Riding the Ventura Rapid line back from Target we stop at Winnetka Ave with over fifty Taft High students squirming to get on. At the back door waiting to get off are a teenage girl wearing Sony closed headphones in black jeans and t-shirt and a younger boy talking into his cell phone. The back door does not open, but they just stand their as the Taft students push their way onto the bus. I suppose they recognize the busdriver is busy managing the crowd and has forgotten to open the back door to let them out. After a minute or so, the two of them start looking anxiously towards the front of the bus. Finally, the boy says somewhat weakly "back door," but the door doesn't open.

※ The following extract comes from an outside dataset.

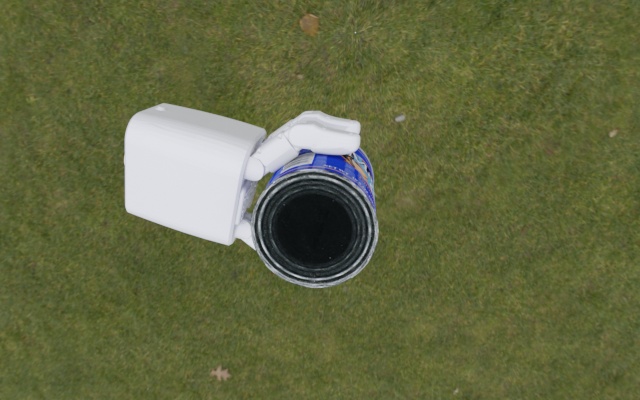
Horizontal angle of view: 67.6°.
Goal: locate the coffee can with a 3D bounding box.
[{"bbox_3d":[0.000,0.002,0.443,0.103,0.103,0.140,0,19,5],"label":"coffee can"}]

All the students are now on and the driver shuts the front door. The bus is packed with chattering high schoolers, many with their cell phones in one ear, seamlessly integrating conversations through real and wireless space. The bus begins to pull away. "Back door!" The boy has apparently lost his patience. The bus stops for a moment, but only until the light turns green, when it starts off again. The girl begins knocking on the door's window. Once again, the bus stops--but the driver's just waiting for a car to pass so he can merge into the center lane. We fly on. The boy waves his hands hopelessly, "what the...?" The girl just stares silently outside the door and the rest of the bus seems oblivious. The next stop is Reseda--a long two and a half miles.
Ah, the humiliations of youth. But it will all be over soon. In a few years she'll have her Associate's in Phlebotomy and earn 30,000 a year drawing blood in a Valley lab. And he'll pull down 12 an hour re-shelving dog-eared books and magazines deposited by dawdlers at the Hollywood Border's--or at least the one in Glendale.